Need to check if one of 10 images exist in a group of PDFs




I am looking to automate the following process:
Check if a signature exists within a group of PDFs and move them to a folder accordingly

We receive about 100 PDFs (scanned images) a day, each with one signature. The PDFs are stored in a specific folder. We also have selective signatures (signatures we are interested in) stored as images. We need the robot to go through each PDF one at a time and check if the signature we are interested in exist in the PDF. If signature of interest exist, move the PDF to folder A, else, move to folder B.

I have tried using Image Exist, but no luck yet. We are looking to execute this robot as back office process in unattended mode.

Question - Is it possible to do Image Exist activity in background, without having to have the PDF open?


Looking at the images depends on your PDF. Some have the images as elements so you can simply find the selector then use OCR on the image. Some is all image based.

Yes, you can do this in back office but will require that you have correct resolution.
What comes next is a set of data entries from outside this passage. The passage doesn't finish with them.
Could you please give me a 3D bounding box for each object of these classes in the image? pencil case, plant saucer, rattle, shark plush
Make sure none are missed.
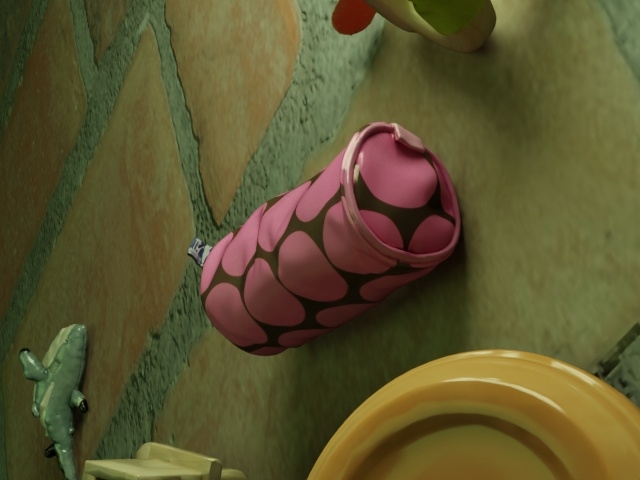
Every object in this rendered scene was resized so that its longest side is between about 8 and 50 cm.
[{"bbox_3d":[0.000,0.000,0.714,0.209,0.095,0.098,-30,37,54],"label":"pencil case"},{"bbox_3d":[0.063,0.139,0.507,0.200,0.037,0.200,-15,59,27],"label":"plant saucer"},{"bbox_3d":[0.059,-0.186,0.668,0.199,0.130,0.143,-97,28,-85],"label":"rattle"},{"bbox_3d":[-0.271,0.170,1.224,0.067,0.073,0.161,-10,67,30],"label":"shark plush"}]

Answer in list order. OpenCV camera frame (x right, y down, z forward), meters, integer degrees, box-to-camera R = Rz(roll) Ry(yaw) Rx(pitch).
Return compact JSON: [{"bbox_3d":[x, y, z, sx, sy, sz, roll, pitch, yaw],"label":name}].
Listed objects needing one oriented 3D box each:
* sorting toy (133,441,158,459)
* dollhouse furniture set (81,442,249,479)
[{"bbox_3d":[-0.111,0.272,0.838,0.193,0.038,0.208,-133,41,-75],"label":"sorting toy"},{"bbox_3d":[0.032,0.289,0.619,0.355,0.174,0.303,5,86,37],"label":"dollhouse furniture set"}]
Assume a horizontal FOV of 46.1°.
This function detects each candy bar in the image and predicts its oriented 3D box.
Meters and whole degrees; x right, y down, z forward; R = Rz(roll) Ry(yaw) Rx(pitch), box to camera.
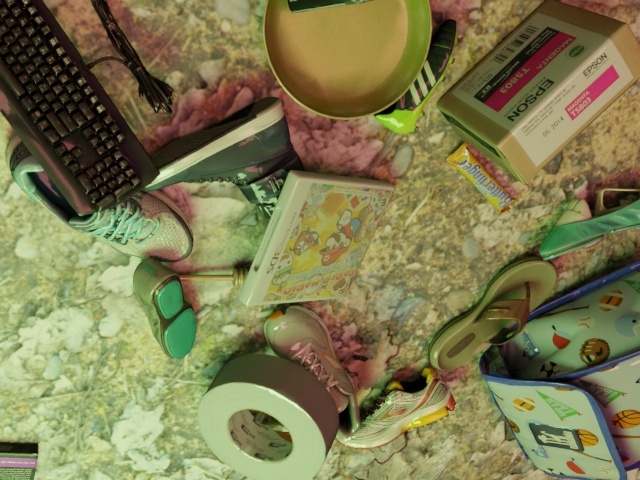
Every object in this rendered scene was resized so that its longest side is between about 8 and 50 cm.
[{"bbox_3d":[0.263,-0.098,1.220,0.040,0.018,0.161,-46,120,7],"label":"candy bar"}]

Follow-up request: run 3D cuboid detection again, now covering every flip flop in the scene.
[{"bbox_3d":[0.309,0.141,1.320,0.277,0.080,0.112,-41,121,4],"label":"flip flop"}]

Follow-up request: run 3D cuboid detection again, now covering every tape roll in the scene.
[{"bbox_3d":[-0.084,0.288,1.200,0.219,0.072,0.219,11,124,16],"label":"tape roll"}]

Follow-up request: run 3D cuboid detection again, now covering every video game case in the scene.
[{"bbox_3d":[0.000,0.000,1.119,0.227,0.026,0.206,0,119,-50],"label":"video game case"}]

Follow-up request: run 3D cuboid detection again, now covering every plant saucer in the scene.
[{"bbox_3d":[0.035,-0.287,1.019,0.240,0.037,0.241,-6,109,-17],"label":"plant saucer"}]

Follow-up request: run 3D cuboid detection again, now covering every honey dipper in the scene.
[{"bbox_3d":[-0.174,0.058,1.143,0.160,0.030,0.031,0,116,-17],"label":"honey dipper"}]

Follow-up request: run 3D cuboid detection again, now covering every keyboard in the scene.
[{"bbox_3d":[-0.296,-0.203,0.911,0.201,0.033,0.317,-41,108,-28],"label":"keyboard"}]

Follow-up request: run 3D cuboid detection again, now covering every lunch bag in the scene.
[{"bbox_3d":[0.518,0.263,1.374,0.385,0.239,0.328,-24,123,13],"label":"lunch bag"}]

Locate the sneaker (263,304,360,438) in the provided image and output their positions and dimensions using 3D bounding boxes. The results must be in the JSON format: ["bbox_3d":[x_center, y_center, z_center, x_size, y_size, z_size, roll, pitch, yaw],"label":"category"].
[{"bbox_3d":[0.001,0.217,1.230,0.099,0.121,0.262,-34,121,-1],"label":"sneaker"}]

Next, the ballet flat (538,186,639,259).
[{"bbox_3d":[0.474,-0.041,1.296,0.247,0.083,0.087,-18,91,-10],"label":"ballet flat"}]

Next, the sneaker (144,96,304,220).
[{"bbox_3d":[-0.129,-0.080,1.052,0.226,0.086,0.164,-26,119,-9],"label":"sneaker"}]

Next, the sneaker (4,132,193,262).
[{"bbox_3d":[-0.290,-0.036,1.001,0.283,0.122,0.110,33,102,-30],"label":"sneaker"}]

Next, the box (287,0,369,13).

To do this, you will probably need to kick off the Process with a Launch Workflow Interactive, and typically 1920x1080 with 32depth is used in parameters.

No, you can’t look at an image with the application in the background unless it has a selector.

The steps that I have taken to look for the signature are as follows:
- change Zoom field in your PDF viewer to ideal view for Image recognition and OCR
- Use Arrow keys and Pagedown to scroll page
- Look for image nearby the Signature box like “Please Sign Here” and stop scrolling
- Set Clipping Region using the found image element to fit around the Signature box
- Highlight new element’s clipping region for testing
- OCR using the element to convert to characters and decide if it’s empty or not
EDIT: I’m also adding that I found Google OCR will throw an error with certain Signature sizes, so I needed to make it more dynamic with a Try/Catch and decreasing the Scale by .1, but always interested in ways to improve this functionality

But, like I said this process is what I was able to get working for image only PDFs in my back office environment, and works well I must say.

Your process might be different depending how how your PDFs and Signature box are.